Ru appears in a vision of blue-streamer-bondage-bosom-bearing beauty! Kathy is brought in to complete the #GayMountRushmore and things are looking good! Katya gives us some "Russian red hippie realness," but eventually resorts to just showing her other asset... her asshole. Mrs. Kasha, Fame, Tempest, Max, Trixie, and Pearl are a bit forgettable and safe for my taste. Kennedy, Ginger, Violet, Jaidynn fall in the middle for me. Jasmine shed her cocoon much to our dismay, Kandy forgot to wear pants, and Sasha forgot she wasn't supposed to show her black undergarments (but she "didn't get that memo").

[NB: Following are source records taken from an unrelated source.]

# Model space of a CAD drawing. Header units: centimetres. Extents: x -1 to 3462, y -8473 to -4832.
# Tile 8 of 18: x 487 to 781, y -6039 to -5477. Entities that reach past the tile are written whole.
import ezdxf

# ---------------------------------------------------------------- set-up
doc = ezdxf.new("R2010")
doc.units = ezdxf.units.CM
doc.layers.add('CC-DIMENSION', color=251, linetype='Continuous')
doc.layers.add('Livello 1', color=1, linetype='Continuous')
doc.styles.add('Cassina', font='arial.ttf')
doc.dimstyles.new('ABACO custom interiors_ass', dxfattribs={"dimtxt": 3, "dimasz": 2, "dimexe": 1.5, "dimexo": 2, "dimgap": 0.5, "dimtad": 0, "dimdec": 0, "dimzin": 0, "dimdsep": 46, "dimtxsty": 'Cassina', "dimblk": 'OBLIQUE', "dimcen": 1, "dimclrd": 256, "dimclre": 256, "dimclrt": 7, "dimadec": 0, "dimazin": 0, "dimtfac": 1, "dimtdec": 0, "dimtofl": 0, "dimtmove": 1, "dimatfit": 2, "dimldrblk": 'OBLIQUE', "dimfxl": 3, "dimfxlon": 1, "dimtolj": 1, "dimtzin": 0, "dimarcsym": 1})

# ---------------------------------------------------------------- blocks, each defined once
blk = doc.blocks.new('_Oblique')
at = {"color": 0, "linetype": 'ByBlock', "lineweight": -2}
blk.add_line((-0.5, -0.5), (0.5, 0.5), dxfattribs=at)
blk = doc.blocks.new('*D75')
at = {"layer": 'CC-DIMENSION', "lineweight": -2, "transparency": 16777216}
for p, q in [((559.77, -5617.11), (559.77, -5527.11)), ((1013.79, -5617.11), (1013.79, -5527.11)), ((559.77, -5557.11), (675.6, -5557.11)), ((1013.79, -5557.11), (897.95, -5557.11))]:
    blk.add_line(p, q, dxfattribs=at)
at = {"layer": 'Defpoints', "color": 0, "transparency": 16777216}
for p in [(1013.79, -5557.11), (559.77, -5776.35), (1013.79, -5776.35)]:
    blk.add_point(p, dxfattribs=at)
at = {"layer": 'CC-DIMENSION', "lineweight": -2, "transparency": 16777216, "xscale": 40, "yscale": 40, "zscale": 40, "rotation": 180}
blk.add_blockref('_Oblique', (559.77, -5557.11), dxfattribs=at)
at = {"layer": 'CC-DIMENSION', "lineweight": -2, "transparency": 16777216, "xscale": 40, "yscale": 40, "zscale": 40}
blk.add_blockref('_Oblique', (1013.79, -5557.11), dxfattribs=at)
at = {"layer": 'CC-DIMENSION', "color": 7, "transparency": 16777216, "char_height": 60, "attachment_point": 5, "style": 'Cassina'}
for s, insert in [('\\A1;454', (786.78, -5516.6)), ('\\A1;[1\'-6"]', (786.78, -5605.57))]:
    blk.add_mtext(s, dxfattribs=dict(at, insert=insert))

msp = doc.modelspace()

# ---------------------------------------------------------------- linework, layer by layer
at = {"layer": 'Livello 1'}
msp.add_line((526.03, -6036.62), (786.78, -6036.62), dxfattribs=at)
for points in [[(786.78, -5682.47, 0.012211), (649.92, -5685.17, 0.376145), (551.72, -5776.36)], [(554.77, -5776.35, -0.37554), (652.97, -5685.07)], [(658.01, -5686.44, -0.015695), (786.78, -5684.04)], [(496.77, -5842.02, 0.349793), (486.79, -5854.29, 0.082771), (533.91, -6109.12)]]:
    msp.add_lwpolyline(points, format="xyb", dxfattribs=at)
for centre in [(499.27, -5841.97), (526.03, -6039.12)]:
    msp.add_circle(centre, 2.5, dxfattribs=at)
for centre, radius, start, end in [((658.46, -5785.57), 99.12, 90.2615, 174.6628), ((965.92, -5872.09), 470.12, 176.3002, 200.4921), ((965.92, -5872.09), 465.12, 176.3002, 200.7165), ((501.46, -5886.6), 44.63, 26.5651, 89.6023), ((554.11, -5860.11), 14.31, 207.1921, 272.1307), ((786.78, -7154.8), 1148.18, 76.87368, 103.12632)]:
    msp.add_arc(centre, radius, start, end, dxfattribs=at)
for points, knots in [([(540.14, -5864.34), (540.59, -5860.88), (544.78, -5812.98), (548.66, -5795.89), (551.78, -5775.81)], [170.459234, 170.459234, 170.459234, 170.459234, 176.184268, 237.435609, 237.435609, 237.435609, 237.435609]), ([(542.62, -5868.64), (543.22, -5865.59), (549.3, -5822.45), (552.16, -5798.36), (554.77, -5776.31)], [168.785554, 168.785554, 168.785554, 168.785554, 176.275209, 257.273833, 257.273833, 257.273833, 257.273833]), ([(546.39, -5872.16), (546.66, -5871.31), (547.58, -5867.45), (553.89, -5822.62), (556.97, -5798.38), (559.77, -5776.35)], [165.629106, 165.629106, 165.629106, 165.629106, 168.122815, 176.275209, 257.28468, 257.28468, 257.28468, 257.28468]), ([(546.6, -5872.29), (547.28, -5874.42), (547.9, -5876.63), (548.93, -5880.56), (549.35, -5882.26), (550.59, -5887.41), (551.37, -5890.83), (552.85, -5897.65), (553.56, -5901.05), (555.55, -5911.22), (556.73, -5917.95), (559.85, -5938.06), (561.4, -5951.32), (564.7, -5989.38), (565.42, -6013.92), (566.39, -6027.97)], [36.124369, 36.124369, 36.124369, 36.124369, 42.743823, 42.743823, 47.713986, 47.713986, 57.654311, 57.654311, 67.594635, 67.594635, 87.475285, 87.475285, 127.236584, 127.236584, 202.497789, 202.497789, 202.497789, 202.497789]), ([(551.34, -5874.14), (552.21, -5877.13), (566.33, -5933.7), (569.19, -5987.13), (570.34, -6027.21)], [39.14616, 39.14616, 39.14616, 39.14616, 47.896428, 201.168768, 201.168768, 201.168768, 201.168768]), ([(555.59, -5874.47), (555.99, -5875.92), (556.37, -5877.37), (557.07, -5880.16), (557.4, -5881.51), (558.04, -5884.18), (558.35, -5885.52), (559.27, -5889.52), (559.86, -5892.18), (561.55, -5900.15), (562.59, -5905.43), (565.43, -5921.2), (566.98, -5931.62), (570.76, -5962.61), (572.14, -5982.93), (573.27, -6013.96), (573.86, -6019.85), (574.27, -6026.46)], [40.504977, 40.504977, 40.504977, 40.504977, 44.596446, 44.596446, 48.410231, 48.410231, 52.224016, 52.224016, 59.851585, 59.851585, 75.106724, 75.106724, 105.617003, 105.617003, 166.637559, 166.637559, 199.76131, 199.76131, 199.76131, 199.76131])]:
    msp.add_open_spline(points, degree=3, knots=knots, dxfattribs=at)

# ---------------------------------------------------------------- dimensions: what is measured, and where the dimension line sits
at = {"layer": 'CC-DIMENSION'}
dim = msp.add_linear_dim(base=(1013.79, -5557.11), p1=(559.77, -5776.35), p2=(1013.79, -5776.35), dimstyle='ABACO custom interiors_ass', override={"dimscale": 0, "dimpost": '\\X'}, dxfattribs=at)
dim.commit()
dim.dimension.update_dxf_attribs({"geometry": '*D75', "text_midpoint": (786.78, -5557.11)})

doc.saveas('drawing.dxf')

Ultimately, it came down to Jasmine, Tempest, and The Incredible Bearded Kandy in the bottom three, and the latter two were forced to Lipsync for their Lives! *cue slightly obvious battle for ratings* Tempest and her slouchy skin did their best considering Ru's "Geronimo" is NOT the easiest song to memorize, but could not compete with the Boricua Body Señorita Ho who killed it.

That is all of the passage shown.